→ Dataset entries

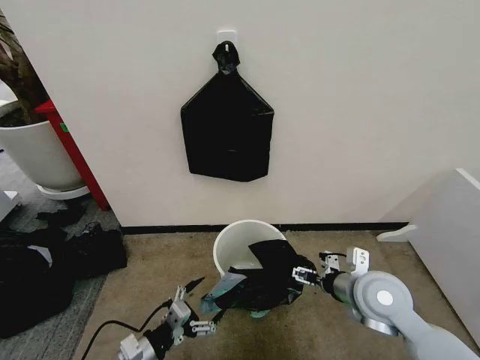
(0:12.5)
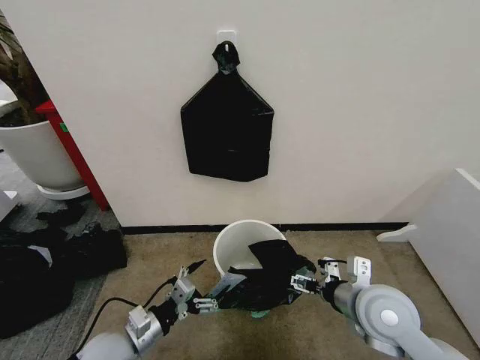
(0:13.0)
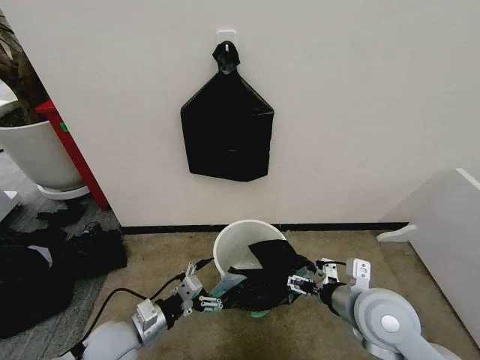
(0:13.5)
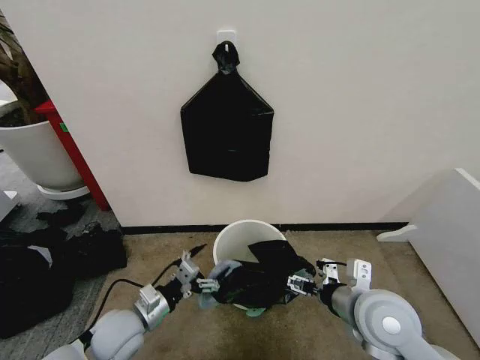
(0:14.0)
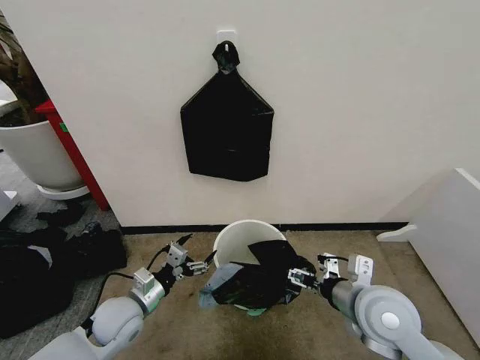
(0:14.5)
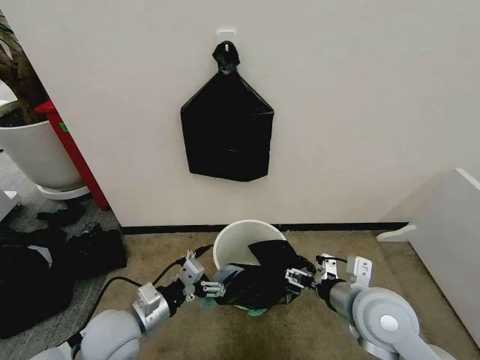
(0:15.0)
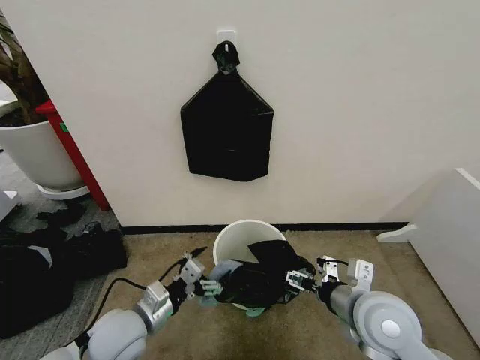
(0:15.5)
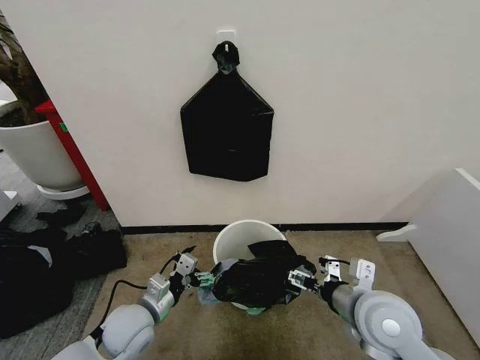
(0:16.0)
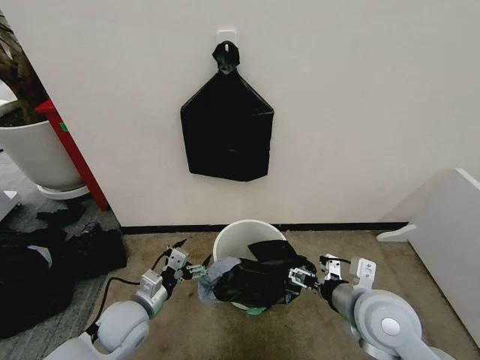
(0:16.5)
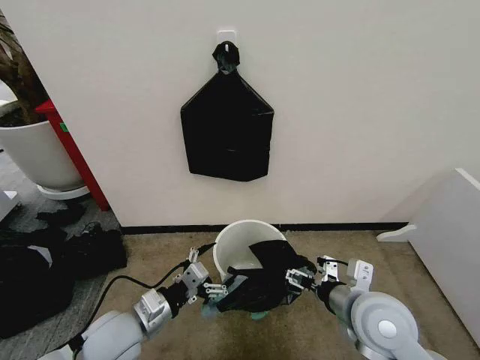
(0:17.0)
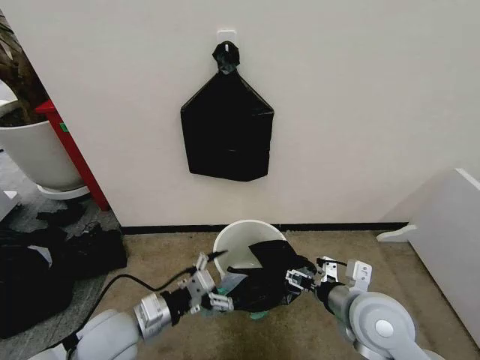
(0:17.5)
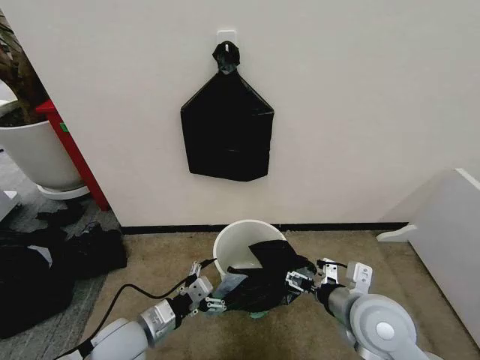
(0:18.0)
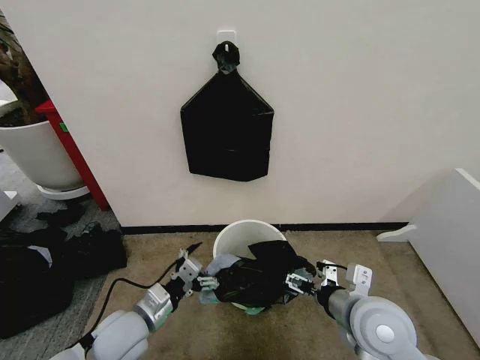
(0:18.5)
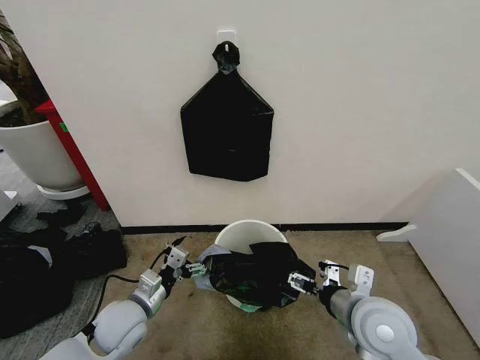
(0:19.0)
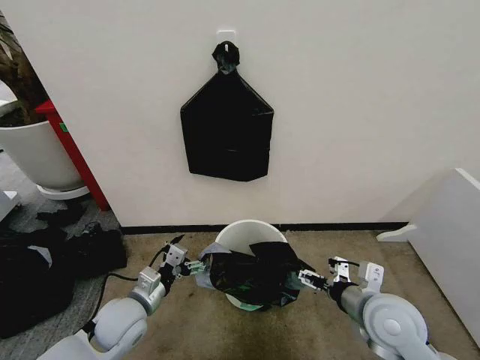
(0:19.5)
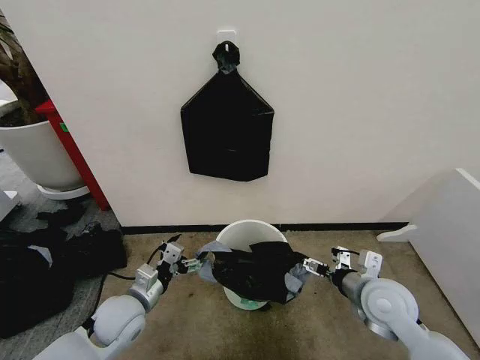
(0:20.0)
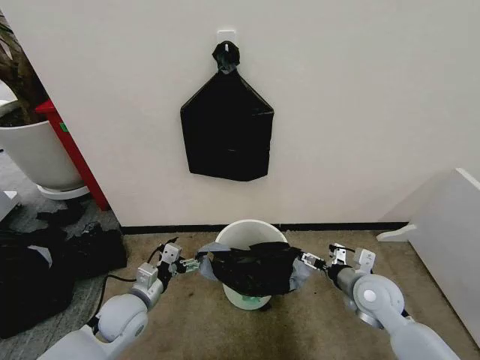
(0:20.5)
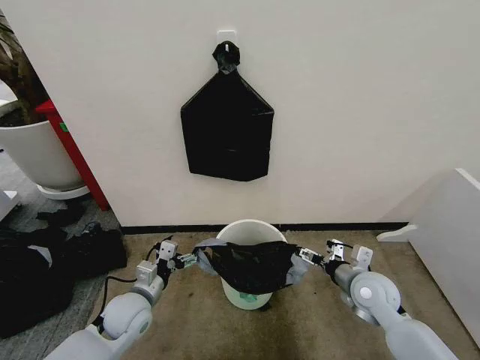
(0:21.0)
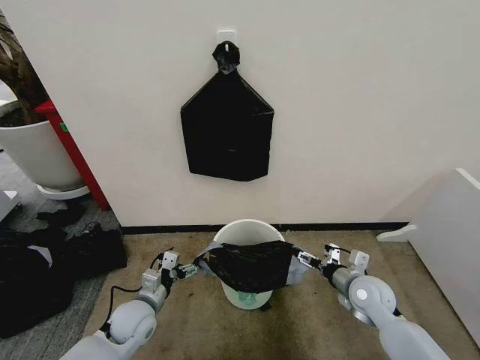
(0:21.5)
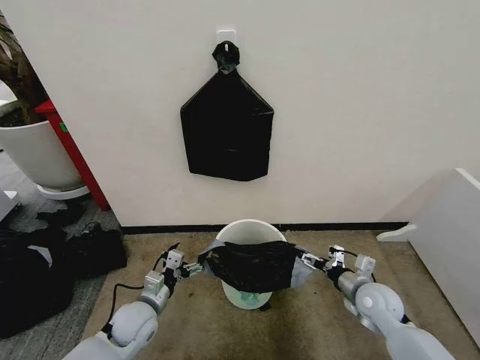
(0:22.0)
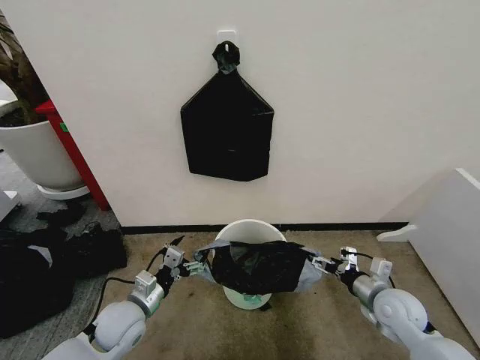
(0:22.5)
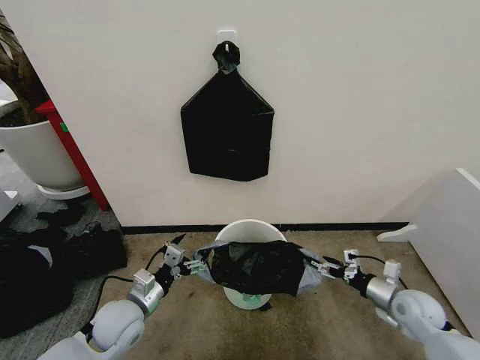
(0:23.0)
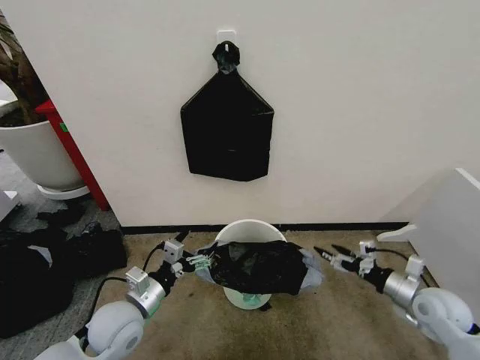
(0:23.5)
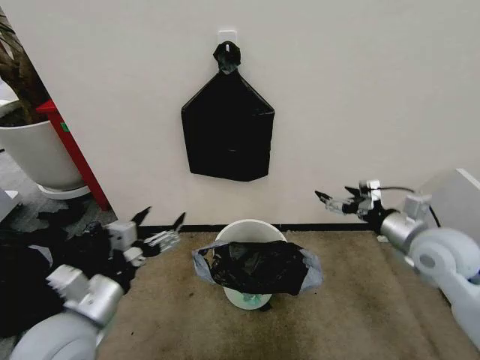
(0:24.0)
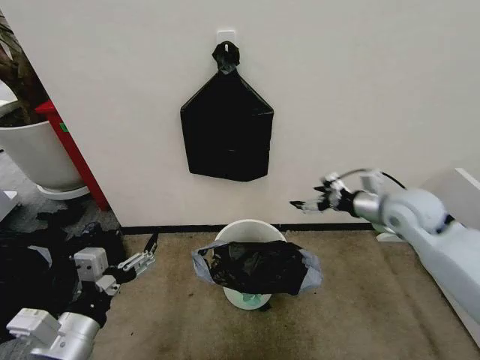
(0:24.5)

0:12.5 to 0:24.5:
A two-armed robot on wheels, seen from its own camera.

→ The task
Pictures are to be excluded; everything else in the records must be reproduced exactly.

→ Exercise response
(0:12.5)
(0:13.0)
(0:13.5)
(0:14.0)
(0:14.5)
(0:15.0)
(0:15.5)
(0:16.0)
(0:16.5)
(0:17.0)
(0:17.5)
(0:18.0)
(0:18.5)
(0:19.0)
(0:19.5)
(0:20.0)
(0:20.5)
(0:21.0)
(0:21.5)
(0:22.0)
(0:22.5)
(0:23.0)
(0:23.5)
(0:24.0)
(0:24.5)

0:12.5 to 0:24.5:
A two-armed robot on wheels, seen from its own camera.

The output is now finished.